By the 19th century, the influence of French Arts took hold in Vietnam, having a large hand in the birth of modern Vietnam Fine Arts. It is considered that the history of modern Vietnam Fine Arts had began when the French colonialists established the “Fine Arts College of Indochine” (FACI) nowadays known as the Vietnam University of Fine Arts (42 Yet Kieu, Hanoi) which exclusively opened for the three Indochinese countries, namely Vietnam, Laos and Cambodia following an all around European training method.

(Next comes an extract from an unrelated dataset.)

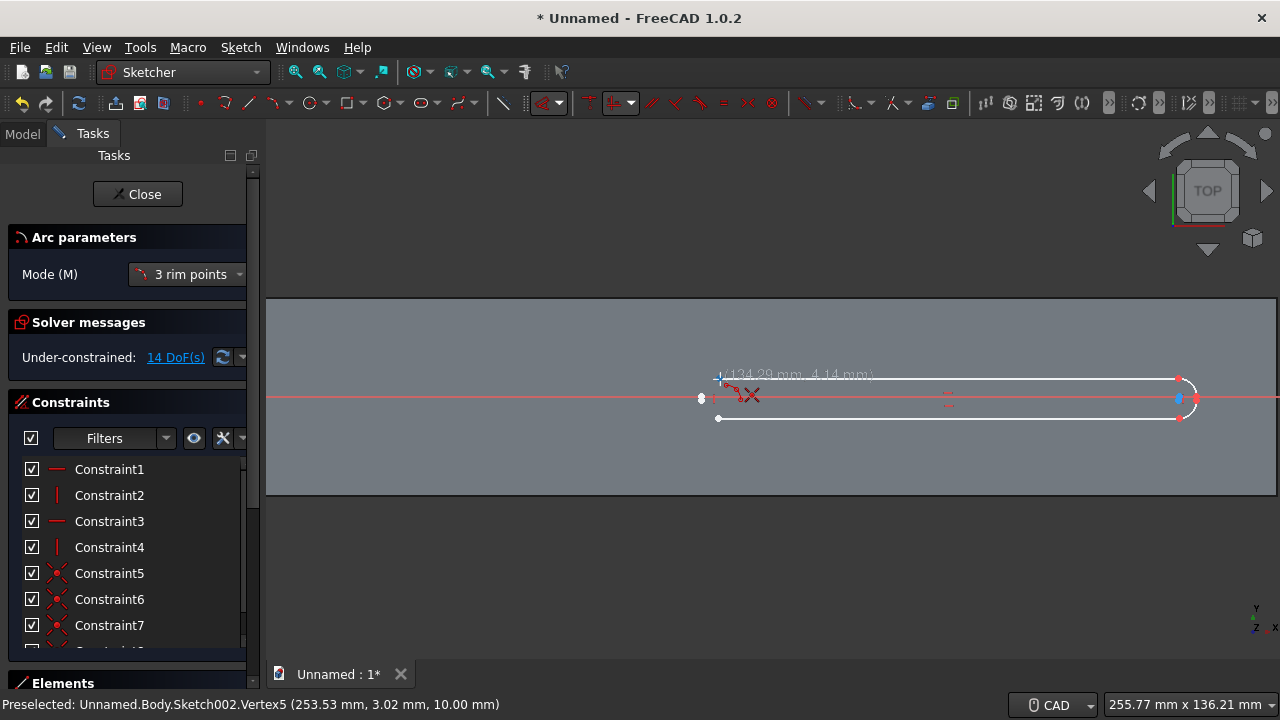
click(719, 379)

In 1945, Communist Party of Vietnam (Viet Minh) led a general resistance against French invaders in order to gain the independence for the country. A few Vietnamese intellectuals including artists such as To Ngoc Van, Tran Van Can, Phan Ke An, Luong Xuan Nhi, Nguyen Do Cung followed the resistance formed a new group and detached themselves from the original group of famous artists remaining in some big cities such as Nguyen Gia Tri, Mai Trung Thu, Le Pho, Le Ba Dang, and Le Thi Luu.


Boats in Perfume River of To Ngoc Van artist


The year 1954 was marked by Dien Bien Phu Victory and Vietnam was temporarily divided into two regions; of which, North Vietnam undertook the establishment of a socialist system and in the South, the first Republic of South Vietnam was established. In accordance with the Geneva Agreement’s consents, many intellectuals regrouped in the North and South. This event caused a tragic separation of Vietnam Fine Arts. In North of Vietnam, Nguyen Sang, Luu Cong Nhan, Bui Xuan Phai, Nguyen Tu Nghiem, Duong Bich Lien and several young generation artists developed their unique characters and art works; meanwhile in the South, Nguyen Trung, Nguyen Khai, Nguyen Lam, Nhieu De, Dinh Cuong, Nguyen Phuoc with their intentions and efforts towards innovation has made a first step to individual creative works.

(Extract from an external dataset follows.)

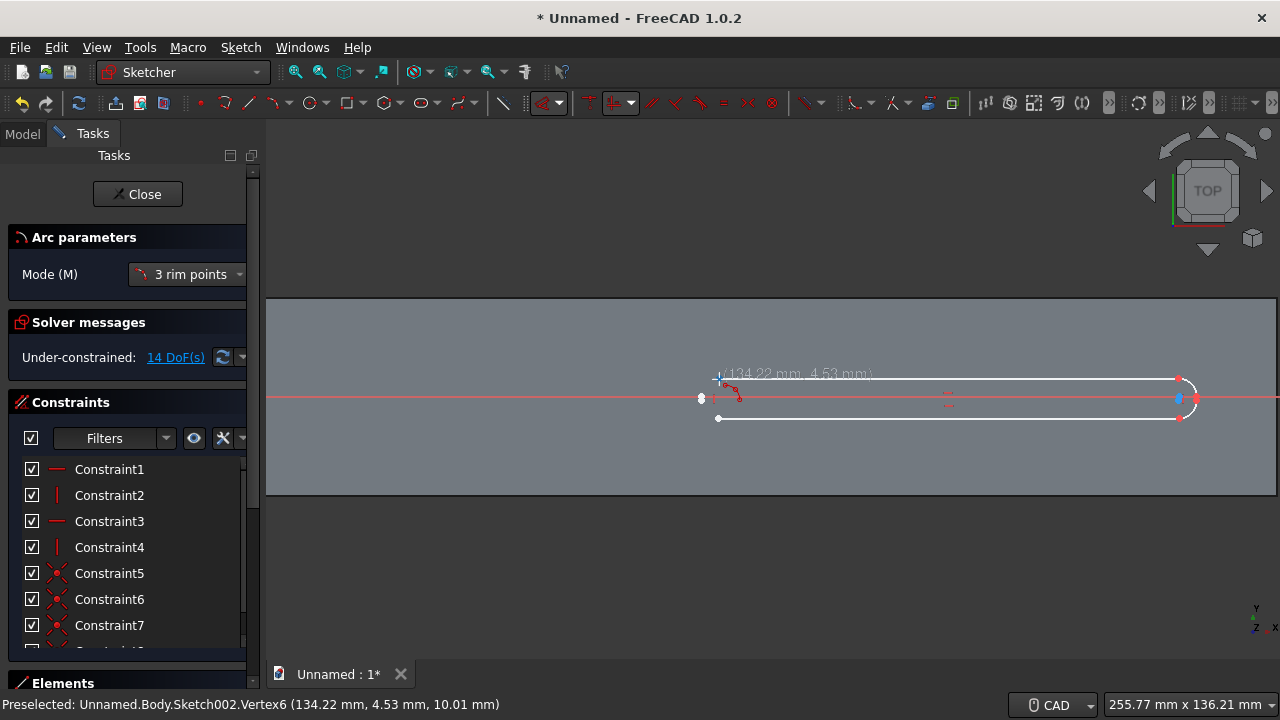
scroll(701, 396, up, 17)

In 1975, when the war ended, Vietnam became a unified country. However, there were no great changes in Vietnamese Fine Arts for the next 15 years as a result of clear distinction of Northern and Southern art cultures in Vietnam.  In the mid-1990′s, there appeared great changes in the Fine Arts. A new wave of artists with brilliant creative styles began to embrace modern art and traditional inheritance as their distinctive marks at international exhibitions.

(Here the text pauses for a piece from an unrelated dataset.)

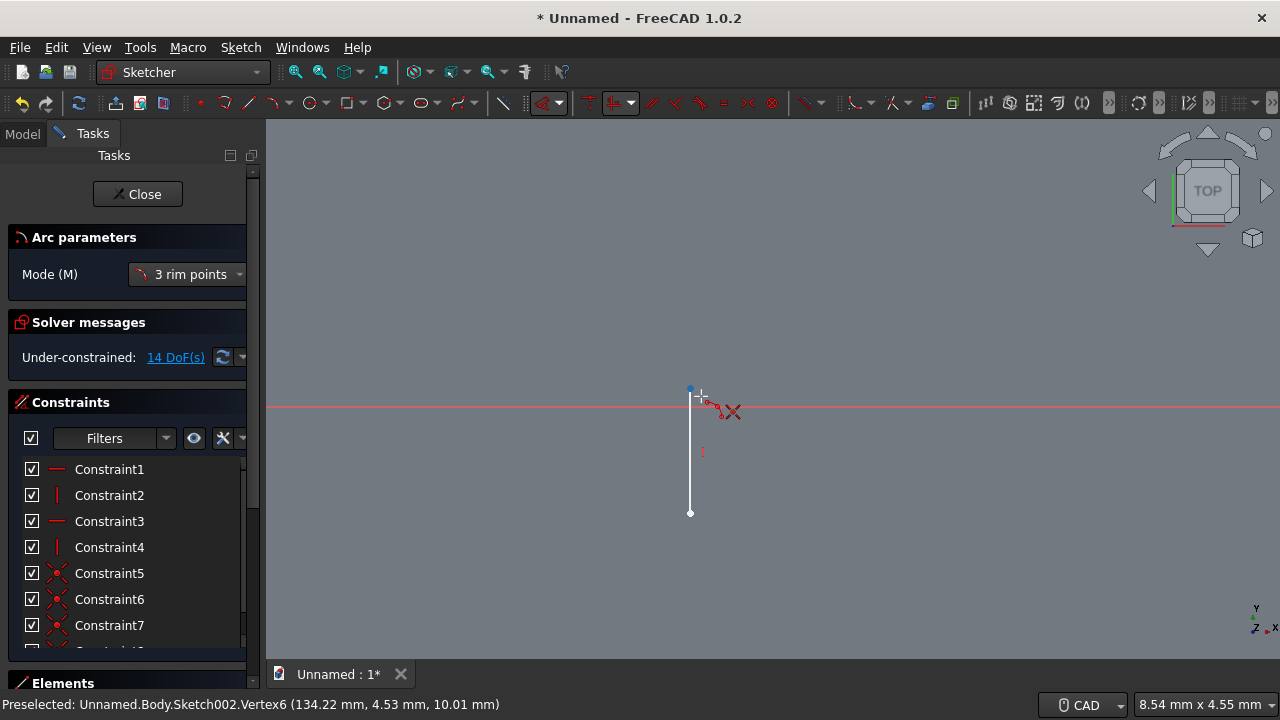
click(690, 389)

Fundamentally, Vietnam Fine Arts has been bearing the seal of an agricultural tradition, attaching to the community life under the influence of Confucianism. Thus, one can hardly find any new trends or thoughts except those coming from the outside world which have been changed in accordance to Vietnamese life. It’s not to say that contemporary and modern art doesn’t exist in Vietnam but one must admit that it lacks the monumental works clearly showing philosophical uniqueness.

If brief, Vietnam Fine Arts represents a quiet beauty and simplicity of Vietnamese people and Vietnam culture with a long history of wars and economic struggles.